In front of the New York Court of Appeals the “Defendants contend[ed] that a plaintiff forfeits his or her opportunity to commence a legal malpractice action when he or she fails to pursue a nonfrivolous or meritorious appeal that a reasonable lawyer would pursue”, while the “plaintiff urge[d] … [the Court] to adopt a ‘likely to succeed’ standard.”

The Court referred to several cases around the country in which courts have applied the “likely to succeed” standard and by this they have “analyze[d] whether a client can commence a legal malpractice action without taking an appeal in the underlying action based upon the likelihood of success on that underlying appeal”. Without hesitation the Court of Appeals adopted the “likely to succeed” standard: “prior to commencing a legal malpractice action, a party who is likely to succeed on appeal of the underlying action should be required to press an appeal.”

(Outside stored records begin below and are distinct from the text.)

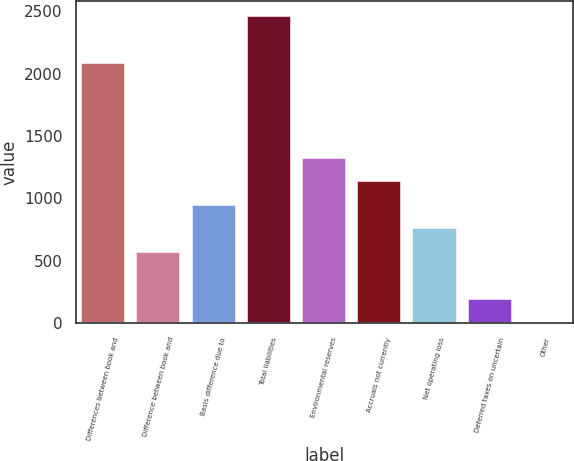<chart> <loc_0><loc_0><loc_500><loc_500><bar_chart><fcel>Differences between book and<fcel>Difference between book and<fcel>Basis difference due to<fcel>Total liabilities<fcel>Environmental reserves<fcel>Accruals not currently<fcel>Net operating loss<fcel>Deferred taxes on uncertain<fcel>Other<nl><fcel>2082.02<fcel>571.46<fcel>949.1<fcel>2459.66<fcel>1326.74<fcel>1137.92<fcel>760.28<fcel>193.82<fcel>5<nl></chart> 
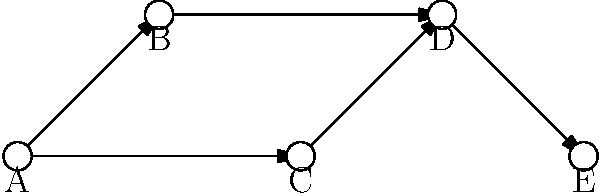As a project manager, you've created a network graph to visualize communication patterns among your team members (A, B, C, D, and E). Each arrow represents the direction of information flow. Based on this graph, which team member appears to be the central point of communication, receiving information from multiple sources and distributing it further? To determine the central point of communication, we need to analyze the incoming and outgoing connections for each team member:

1. Team member A: 
   - Outgoing connections: 2 (to B and C)
   - Incoming connections: 0

2. Team member B:
   - Outgoing connections: 1 (to D)
   - Incoming connections: 1 (from A)

3. Team member C:
   - Outgoing connections: 1 (to D)
   - Incoming connections: 1 (from A)

4. Team member D:
   - Outgoing connections: 1 (to E)
   - Incoming connections: 2 (from B and C)

5. Team member E:
   - Outgoing connections: 0
   - Incoming connections: 1 (from D)

Team member D has the highest number of incoming connections (2) and also has an outgoing connection. This indicates that D receives information from multiple sources (B and C) and distributes it further (to E), making D the central point of communication in this network.
Answer: D

The Court found that this standard is:

“the most efficient and fair for all parties. This standard will obviate premature legal malpractice actions by allowing the appellate courts to correct any trial court error and allow attorneys to avoid unnecessary malpractice lawsuits by being given the opportunity to rectify their clients’ unfavorable result. Contrary to defendants’ assertion that this standard will require courts to speculate on the success of an appeal, courts engage in this type of analysis when deciding legal malpractice actions generally.”